## Task brief
Give all of the data again exactly as written, omitting every image.

## Source data
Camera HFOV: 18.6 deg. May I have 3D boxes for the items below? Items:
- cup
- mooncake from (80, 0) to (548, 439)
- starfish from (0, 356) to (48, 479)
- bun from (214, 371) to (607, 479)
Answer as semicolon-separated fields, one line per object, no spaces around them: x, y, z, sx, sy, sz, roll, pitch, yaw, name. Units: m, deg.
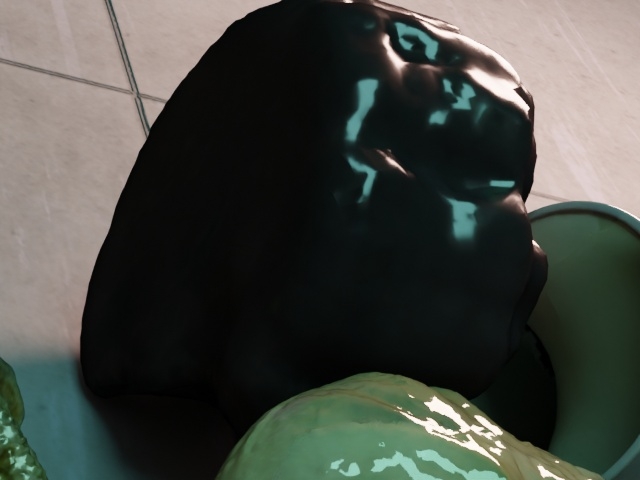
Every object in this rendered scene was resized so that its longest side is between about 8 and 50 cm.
0.232;0.143;1.494;0.327;0.323;0.237;26;58;-42;cup
0.000;0.000;1.399;0.212;0.350;0.381;15;12;-27;mooncake
-0.099;0.233;1.235;0.432;0.082;0.324;31;21;-2;starfish
0.097;0.224;1.131;0.361;0.213;0.361;34;31;-24;bun

## Task solution
Camera HFOV: 18.6 deg. May I have 3D boxes for the items below? Items:
- cup
- mooncake from (80, 0) to (548, 439)
- starfish from (0, 356) to (48, 479)
- bun from (214, 371) to (607, 479)
Answer as semicolon-separated fields, one line per object, no spaces around them: x, y, z, sx, sy, sz, roll, pitch, yaw, name. Units: m, deg.
Every object in this rendered scene was resized so that its longest side is between about 8 and 50 cm.
0.232;0.143;1.494;0.327;0.323;0.237;26;58;-42;cup
0.000;0.000;1.399;0.212;0.350;0.381;15;12;-27;mooncake
-0.099;0.233;1.235;0.432;0.082;0.324;31;21;-2;starfish
0.097;0.224;1.131;0.361;0.213;0.361;34;31;-24;bun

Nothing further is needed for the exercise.